= John Falconer (Jesuit) =

English Jesuit

John Falconer or Falkner (1577–1656), was an English Jesuit.

==Early life==
Falconer was the son of Henry Falconer by Martha Pike, his wife, was born at Lytton, Dorsetshire, on 25 March 1577. His mother belonged to a respectable Cheshire family, and his maternal uncle was Sir Richard Morton. His parents were Catholics, and both died while he was an infant. He was brought up by his uncle, John Brook, a merchant, until he was eleven years old, when he was sent to Sherborne School. Dorsetshire, for five years.

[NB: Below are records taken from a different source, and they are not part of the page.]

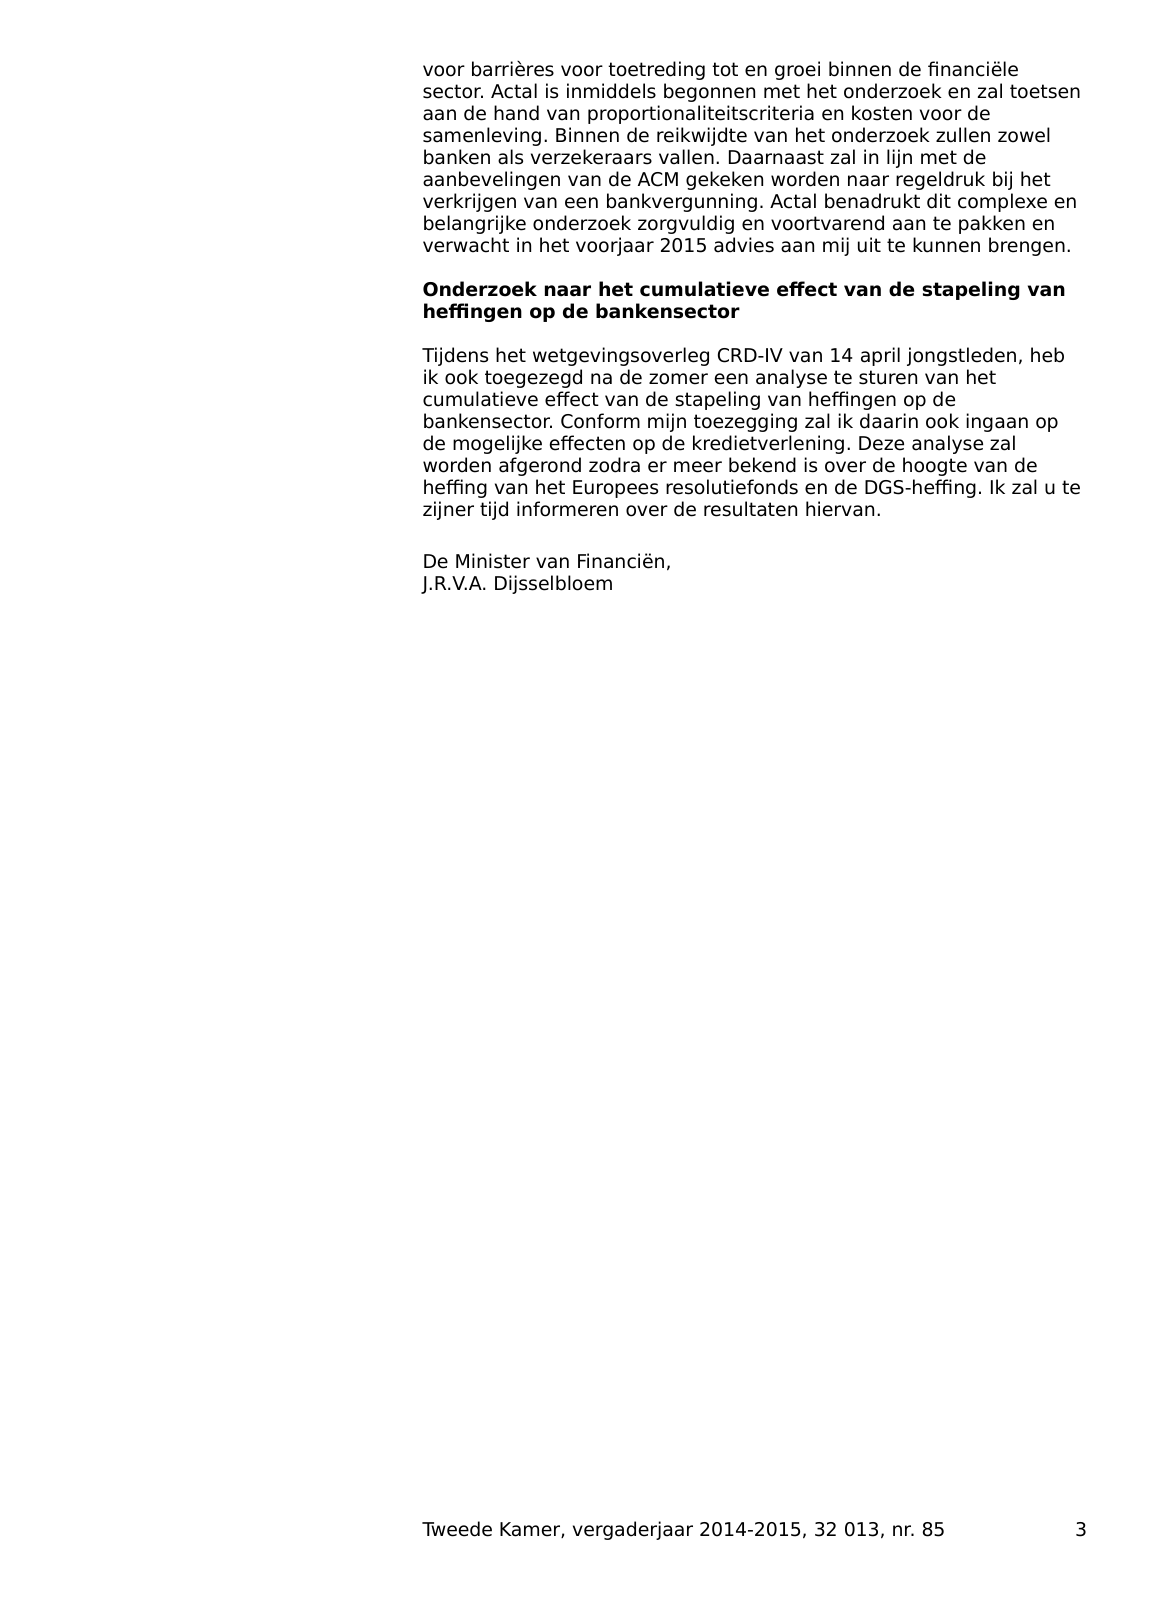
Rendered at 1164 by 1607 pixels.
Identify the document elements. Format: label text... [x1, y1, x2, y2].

text De Minister van Financiën, J.R.V.A. Dijsselbloem [422, 551, 1087, 595]
text voor barrières voor toetreding tot en groei binnen de financiële sector. Actal is inmiddels begonnen met het onderzoek en zal toetsen aan de hand van proportionaliteitscriteria en kosten voor de samenleving. Binnen de reikwijdte van het onderzoek zullen zowel banken als verzekeraars vallen. Daarnaast zal in lijn met de aanbevelingen van de ACM gekeken worden naar regeldruk bij het verkrijgen van een bankvergunning. Actal benadrukt dit complexe en belangrijke onderzoek zorgvuldig en voortvarend aan te pakken en verwacht in het voorjaar 2015 advies aan mij uit te kunnen brengen. [422, 59, 1087, 257]
text Tijdens het wetgevingsoverleg CRD-IV van 14 april jongstleden, heb ik ook toegezegd na de zomer een analyse te sturen van het cumulatieve effect van de stapeling van heffingen op de bankensector. Conform mijn toezegging zal ik daarin ook ingaan op de mogelijke effecten op de kredietverlening. Deze analyse zal worden afgerond zodra er meer bekend is over de hoogte van de heffing van het Europees resolutiefonds en de DGS-heffing. Ik zal u te zijner tijd informeren over de resultaten hiervan. [422, 345, 1087, 521]
subtitle Onderzoek naar het cumulatieve effect van de stapeling van heffingen op de bankensector [422, 279, 1087, 323]
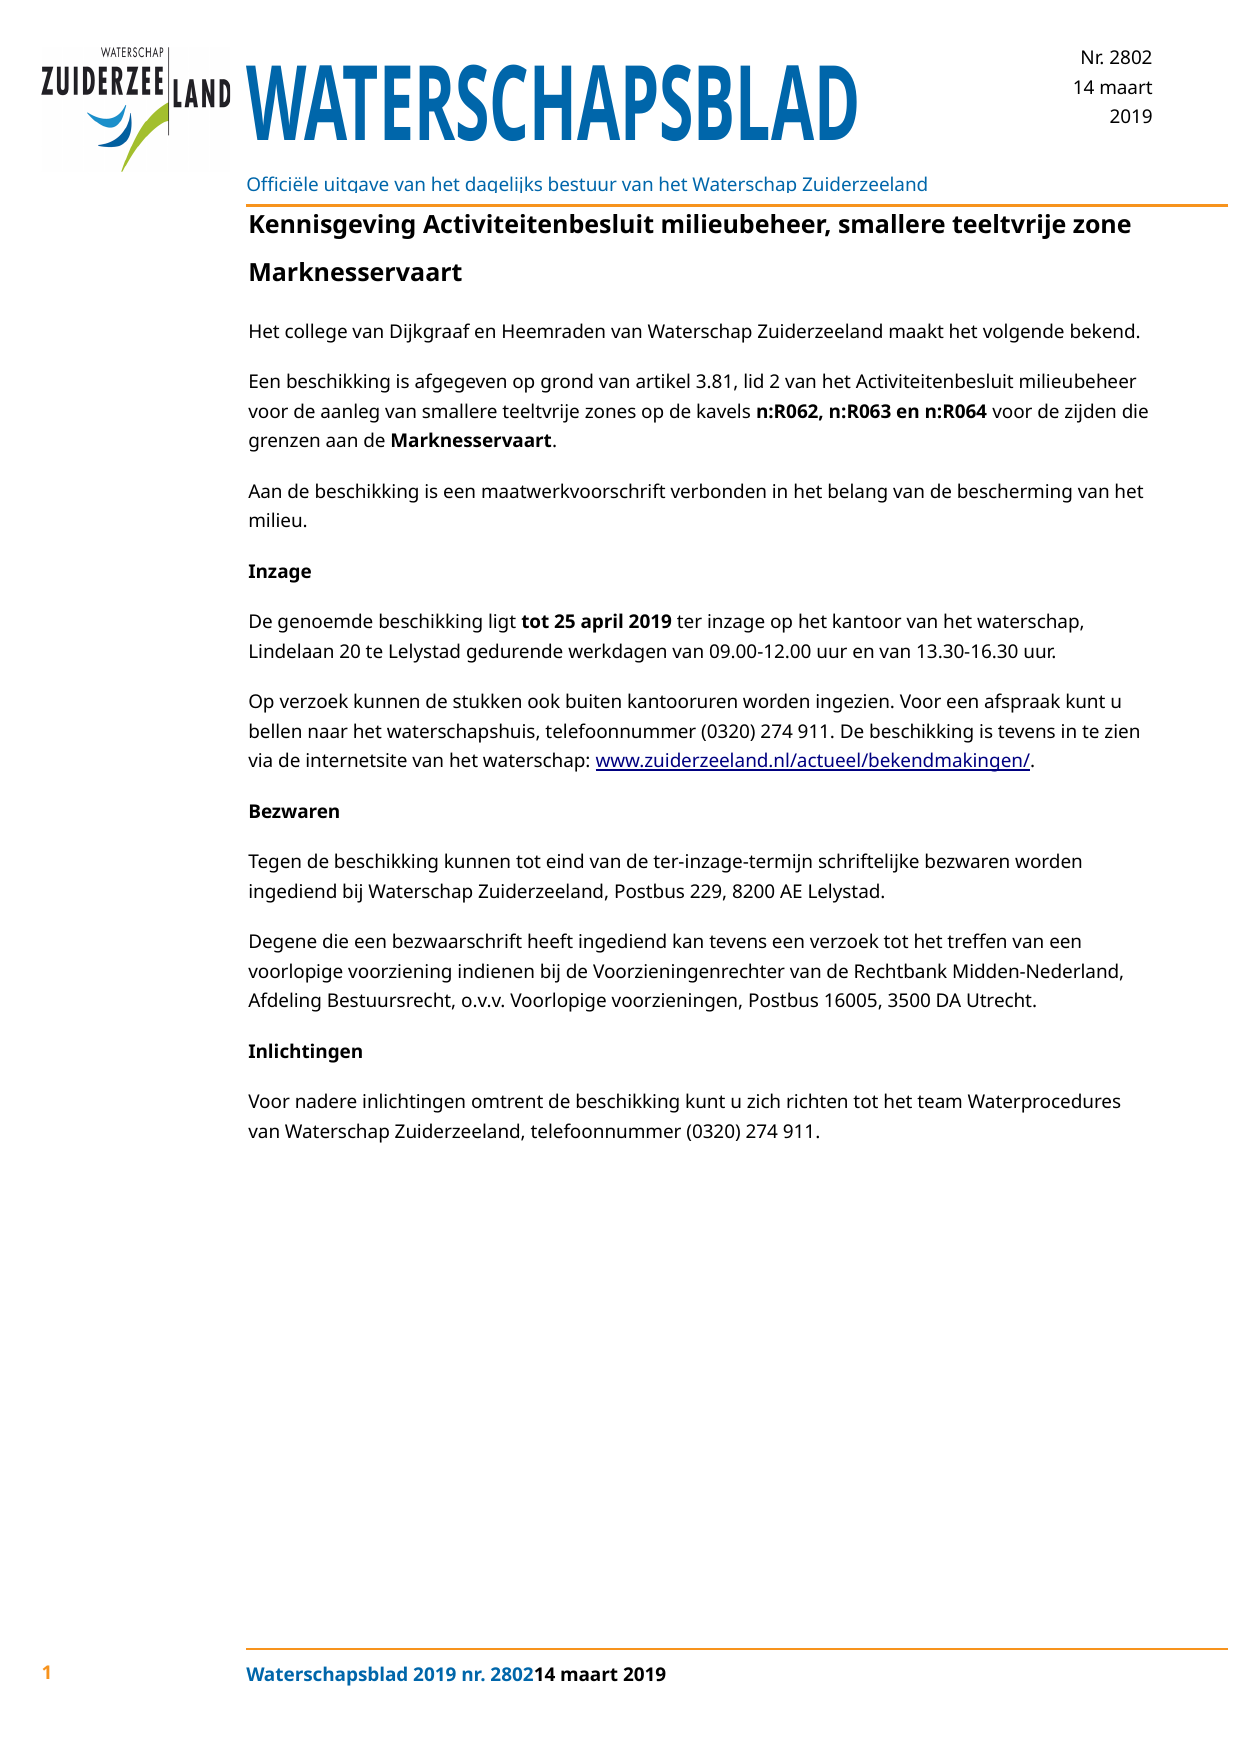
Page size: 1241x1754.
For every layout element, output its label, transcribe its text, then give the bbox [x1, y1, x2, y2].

text Inzage [248, 558, 1152, 584]
picture [41, 47, 231, 172]
text Kennisgeving Activiteitenbesluit milieubeheer, smallere teeltvrije zone Marknesservaart [248, 207, 1152, 288]
text Voor nadere inlichtingen omtrent de beschikking kunt u zich richten tot het team Waterprocedures van Waterschap Zuiderzeeland, telefoonnummer (0320) 274 911. [248, 1088, 1152, 1144]
text De genoemde beschikking ligt tot 25 april 2019 ter inzage op het kantoor van het waterschap, Lindelaan 20 te Lelystad gedurende werkdagen van 09.00-12.00 uur en van 13.30-16.30 uur. [248, 608, 1152, 664]
text Bezwaren [248, 798, 1152, 824]
text Inlichtingen [248, 1038, 1152, 1064]
text Een beschikking is afgegeven op grond van artikel 3.81, lid 2 van het Activiteitenbesluit milieu­beheer voor de aanleg van smallere teeltvrije zones op de kavels n:R062, n:R063 en n:R064 voor de zijden die grenzen aan de Marknesservaart. [248, 368, 1152, 453]
text Het college van Dijkgraaf en Heemraden van Waterschap Zuiderzeeland maakt het volgende bekend. [248, 318, 1152, 344]
text Tegen de beschikking kunnen tot eind van de ter-inzage-termijn schriftelijke bezwaren worden ingediend bij Waterschap Zuiderzeeland, Postbus 229, 8200 AE Lelystad. [248, 848, 1152, 904]
text Aan de beschikking is een maatwerkvoorschrift verbonden in het belang van de bescherming van het milieu. [248, 478, 1152, 533]
text Op verzoek kunnen de stukken ook buiten kantooruren worden ingezien. Voor een afspraak kunt u bellen naar het water­schapshuis, telefoonnummer (0320) 274 911. De beschikking is tevens in te zien via de internetsite van het waterschap: www.zuiderzeeland.nl/actueel/bekendmakingen/. [248, 688, 1152, 773]
text Degene die een bezwaarschrift heeft ingediend kan tevens een verzoek tot het treffen van een voorlopige voorziening indienen bij de Voorzieningenrechter van de Rechtbank Midden-Nederland, Afdeling Bestuursrecht, o.v.v. Voorlopige voorzieningen, Postbus 16005, 3500 DA Utrecht. [248, 928, 1152, 1013]

His brother then sent him to Oxford, where he studied for nearly a year in St. Mary's Hall, and for another year in Gloucester Hall. Subsequently, he joined the expedition of the Earl of Essex to Spain, and 'after being tossed about by many storms' he returned to London, where he spent two years and a half in the service of Lord Henry Windsor. In 1598 he was reconciled to the Catholic Church. Going to Rome he was admitted into the English College on 19 May 1600, under the assumed name of Dingley.

==Career==

He was ordained priest 20 December 1603, entered the Society of Jesus 18 November 1604, and three years later was sent upon the English mission. His name occurs in a list of twelve Jesuits banished in 1618. He was professed of the four vows 22 July 1619. In 1621 he had returned from exile, and was exercising his spiritual functions in London. After serving as a missioner in the Oxford district, he was appointed socius to the master of novices at Watten in 1633, and subsequently confessor at Liège and Ghent. At one period he was penitentiary at St. Peter's, Rome. He was chaplain at Wardour Castle during its siege by Sir Edward Hungerford in 1643, took an active part in its gallant defence by Lady Blanche Arundel, and was employed in treating with the enemy for terms of honourable capitulation. He died on 7 July 1656.

==Works==
His works are: 1. 'The Refutation of the Errors of John Thrusk,’ St. Omer, 1618, 4to, under the initials B. D. 2. 'Life of the Blessed Virgin Mary,’ St. Omer, 1632, 12mo, also under the initials B. D. 3. 'The Looking-glass of Conscience,’ St. Omer, 1632, 18mo, a translation under the initials I. F. 4. An English translation of ‘Fasciculus Myrrhæ de Passione Domini,’ St. Omer, 1632, under the initials I. F. 5. 'The admirable Life of St. Wenefride’ (St. Omer), 1635, 12mo, translated, under the initials I. F., from the Latin of Robert, prior of Shrewsbury. A reprint, for the use of pilgrims to the holy spring, appeared in 1712, 12mo, sine loco, under the title of 'The Life and Miracles of St. Wenefride, Virgin, Martyr, and Abbess, Patroness of Wales.' It is said in the preface to this edition that the translation was really made by John Flood, alias Alford, alias Griffith (cf. Oliver, Jesuit Collections, p. 43). 6. 'Life of St. Catharine of Sweden,’ St. Omer, 1635, 18mo, a translation under the initials I. F. 7. 'Life of St. Anne,’ manuscript.